In 1993, Love sued Spector for past royalties and was awarded $250,000.

“I was the only one that sued him and won … that never happened before, especially to him,” she said.

Named one of Rolling Stone Magazine’s 100 Greatest Singers, Love looks to another chance meeting as the launchpad for her next career phase.

“I did a show that Steve Van Zandt and Bruce Springsteen came to see, and he always from the first time he met me said, ‘I want to record you’ and I said ‘OK.’” Van Zandt said she’d have to come to New York. The pair became and stayed friends, “I tell him, ‘You are the reason I live in New York.’”

It was 30 years before Van Zandt and Love went into the studio together to record the song he wrote, “All Alone on Christmas,” for the movie “Home Alone 2: Lost in New York.” Later, the pair collaborated on what Love considers her best rock and roll album, “Introducing Darlene Love.”

Why introducing?

“By then, I had been inducted to the Rock and Roll Hall of Fame. I’d done a show with Bruce Spingsteen at the Garden and people wondered, ‘Who is Darlene Love? Who recorded “He’s a Rebel,” who recorded all those hit songs?’”

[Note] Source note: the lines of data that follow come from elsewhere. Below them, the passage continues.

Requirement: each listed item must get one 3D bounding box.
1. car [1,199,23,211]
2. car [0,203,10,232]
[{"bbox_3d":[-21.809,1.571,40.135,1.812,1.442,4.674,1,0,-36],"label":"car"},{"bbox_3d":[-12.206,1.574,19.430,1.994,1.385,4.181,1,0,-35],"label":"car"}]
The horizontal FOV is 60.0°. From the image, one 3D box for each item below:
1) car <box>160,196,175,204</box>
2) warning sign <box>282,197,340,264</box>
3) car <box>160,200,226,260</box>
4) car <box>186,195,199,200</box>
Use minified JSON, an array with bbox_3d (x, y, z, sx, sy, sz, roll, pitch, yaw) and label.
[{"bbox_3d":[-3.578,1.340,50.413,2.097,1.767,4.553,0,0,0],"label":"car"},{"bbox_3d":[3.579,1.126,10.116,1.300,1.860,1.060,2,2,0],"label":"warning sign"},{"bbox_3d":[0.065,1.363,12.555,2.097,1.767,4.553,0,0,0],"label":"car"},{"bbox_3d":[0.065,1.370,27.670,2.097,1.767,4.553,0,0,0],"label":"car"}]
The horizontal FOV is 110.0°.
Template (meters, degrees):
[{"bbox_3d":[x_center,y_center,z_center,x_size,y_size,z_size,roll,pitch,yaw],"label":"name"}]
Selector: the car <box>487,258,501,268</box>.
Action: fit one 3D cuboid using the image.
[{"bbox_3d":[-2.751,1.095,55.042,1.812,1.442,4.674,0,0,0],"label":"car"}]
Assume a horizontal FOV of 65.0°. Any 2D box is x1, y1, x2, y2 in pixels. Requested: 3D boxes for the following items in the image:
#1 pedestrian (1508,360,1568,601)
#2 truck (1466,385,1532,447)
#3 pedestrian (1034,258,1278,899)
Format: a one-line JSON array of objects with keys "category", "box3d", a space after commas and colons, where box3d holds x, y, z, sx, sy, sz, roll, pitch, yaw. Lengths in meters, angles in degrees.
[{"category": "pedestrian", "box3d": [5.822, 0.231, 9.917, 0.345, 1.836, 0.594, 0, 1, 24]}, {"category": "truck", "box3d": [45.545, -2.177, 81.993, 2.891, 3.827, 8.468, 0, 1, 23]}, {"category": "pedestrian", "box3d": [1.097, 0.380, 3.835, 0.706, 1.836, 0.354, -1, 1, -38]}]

Her life path had its low points. Love tells of cleaning houses when her solo endeavor stalled. Still, she said, “I kept my mind where I was trying to go. My mind, my heart and my spirit, was staying strong in what I believed.”

Once other entertainers in the industry learned hers was the voice behind an array of hits, encouragement flowed. Elton John, she recalled, “sent me flowers, I don’t know how they got them through the door.” He and stars like Stevie Wonder would call telling her to stay strong.

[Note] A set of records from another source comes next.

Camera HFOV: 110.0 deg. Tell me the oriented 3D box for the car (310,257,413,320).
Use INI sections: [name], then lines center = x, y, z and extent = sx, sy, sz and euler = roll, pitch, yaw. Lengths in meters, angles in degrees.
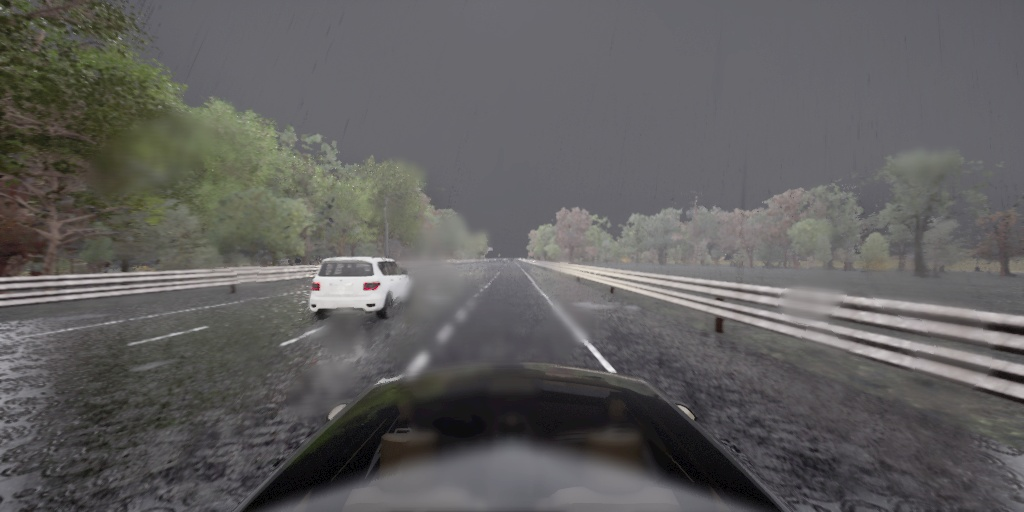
[car]
center = -5.139, 1.066, 13.015
extent = 2.150, 2.045, 5.566
euler = 0, -1, -5
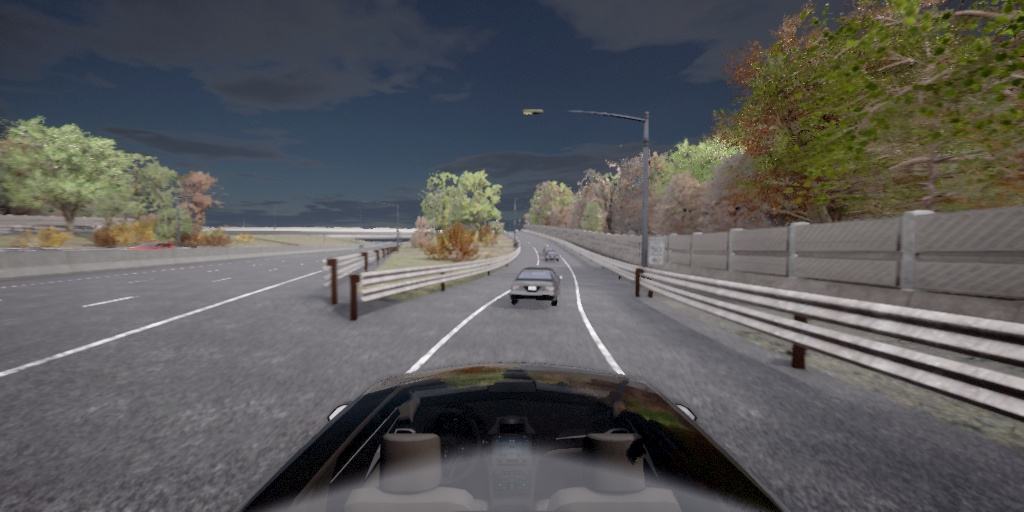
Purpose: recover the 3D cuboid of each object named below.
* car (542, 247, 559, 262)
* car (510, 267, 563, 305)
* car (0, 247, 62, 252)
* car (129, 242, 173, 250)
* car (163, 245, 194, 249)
[{"bbox_3d":[5.280,-0.040,48.013,2.033,1.411,5.357,0,4,4],"label":"car"},{"bbox_3d":[1.121,1.176,15.309,2.033,1.411,5.357,1,1,9],"label":"car"},{"bbox_3d":[-32.675,0.331,22.834,2.033,1.411,5.357,0,2,-17],"label":"car"},{"bbox_3d":[-42.050,-0.597,41.985,2.150,2.045,5.566,0,2,-17],"label":"car"},{"bbox_3d":[-38.584,-0.306,42.590,1.812,1.442,4.674,0,2,-17],"label":"car"}]

A legend herself to music insiders, Love sang with constellations of musical stars — Marvin Gaye, Luther Vandross, Bette Midler, Bobby Darin.

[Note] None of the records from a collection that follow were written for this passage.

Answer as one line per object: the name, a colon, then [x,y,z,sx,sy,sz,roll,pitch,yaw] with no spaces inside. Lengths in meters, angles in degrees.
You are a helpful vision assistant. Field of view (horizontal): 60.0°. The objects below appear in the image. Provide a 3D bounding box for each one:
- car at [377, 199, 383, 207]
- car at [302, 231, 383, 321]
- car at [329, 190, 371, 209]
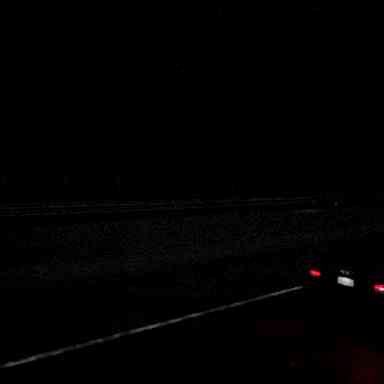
car: [21.832,1.158,35.926,4.181,1.385,1.994,-1,1,-33]
car: [4.616,1.531,6.993,5.357,1.411,2.033,0,0,-35]
car: [17.855,0.862,37.494,5.566,2.045,2.150,-1,1,-34]
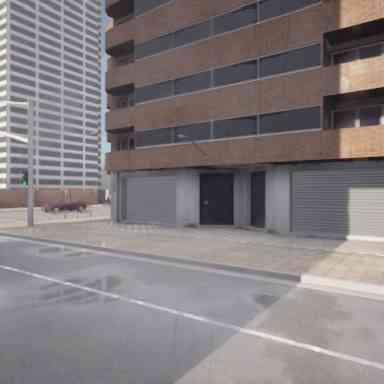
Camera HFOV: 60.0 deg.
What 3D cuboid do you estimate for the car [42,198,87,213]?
[{"bbox_3d":[-14.101,1.463,36.878,1.882,1.535,5.008,0,0,35],"label":"car"}]
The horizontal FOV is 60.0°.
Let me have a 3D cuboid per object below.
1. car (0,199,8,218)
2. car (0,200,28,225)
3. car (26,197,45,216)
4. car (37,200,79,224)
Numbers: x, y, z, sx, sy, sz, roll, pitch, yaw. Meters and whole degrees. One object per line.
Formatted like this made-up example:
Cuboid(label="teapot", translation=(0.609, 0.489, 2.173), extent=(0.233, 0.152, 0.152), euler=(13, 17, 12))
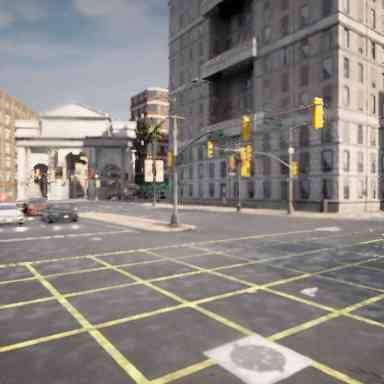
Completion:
Cuboid(label="car", translation=(-18.370, 1.489, 30.809), extent=(1.837, 1.490, 4.892), euler=(0, 0, -35))
Cuboid(label="car", translation=(-13.034, 1.512, 23.245), extent=(1.812, 1.442, 4.674), euler=(0, 0, -35))
Cuboid(label="car", translation=(-14.868, 1.323, 31.975), extent=(2.097, 1.767, 4.553), euler=(0, 0, -35))
Cuboid(label="car", translation=(-9.962, 1.536, 24.962), extent=(1.994, 1.385, 4.181), euler=(0, 0, -35))

Who’s left? Who would she like to sing with now?

“Oh, Adele. Without doubt.” She said. “I would love to sing with her. I just love the whole thing about her, how she comes on stage, how she attacks songs. I would love to work with her.”

Reflecting on the changes to the industry over the course of her six decade-plus career, Love noted that few young people today would know who recording labels like Capital Records even are. She credits “the rappers” with the seismic transformation that moved the power away from record companies like Spector’s Philles Records.

“They produce their own records, sell their own records, distribute their own records … they make all their own money,” she observed. Applauding the change, she affirmed, “Now, it’s the entertainer’s time.”

Between now and the end of December this year, it’s Darlene Love’s time. Her Love for the Holidays tour has 10 shows booked, including the one in Westhampton Beach this Saturday night.

Darlene love performs at the Westhampton Beach Performing Arts Center on Saturday, November 20, at 8 p.m. Tickets are $81 to $101 at whbpac.org. The theater is at 76 Main Street in Westhampton Beach.